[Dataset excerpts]
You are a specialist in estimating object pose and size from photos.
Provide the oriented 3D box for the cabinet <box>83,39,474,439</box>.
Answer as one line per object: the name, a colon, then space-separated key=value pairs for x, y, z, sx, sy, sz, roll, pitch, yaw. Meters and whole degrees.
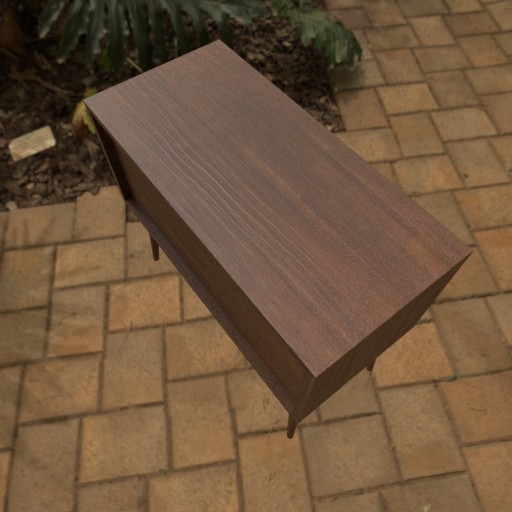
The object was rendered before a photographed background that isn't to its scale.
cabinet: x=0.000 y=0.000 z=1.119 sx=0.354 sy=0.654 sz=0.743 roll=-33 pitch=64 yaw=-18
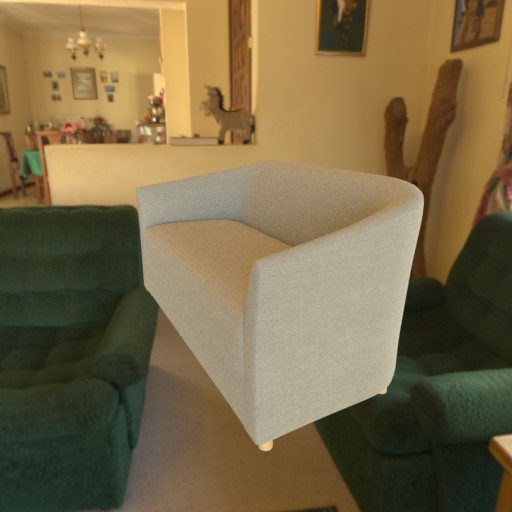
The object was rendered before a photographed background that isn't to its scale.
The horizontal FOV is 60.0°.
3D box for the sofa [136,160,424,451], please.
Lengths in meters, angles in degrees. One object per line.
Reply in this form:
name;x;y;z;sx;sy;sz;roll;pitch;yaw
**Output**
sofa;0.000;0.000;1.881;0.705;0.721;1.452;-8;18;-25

=== PROBLEM STATEMENT ===
Provide the number of lines in the records above containing the string "degrees", and write nothing more.

=== PROBLEM SOLUTION ===
2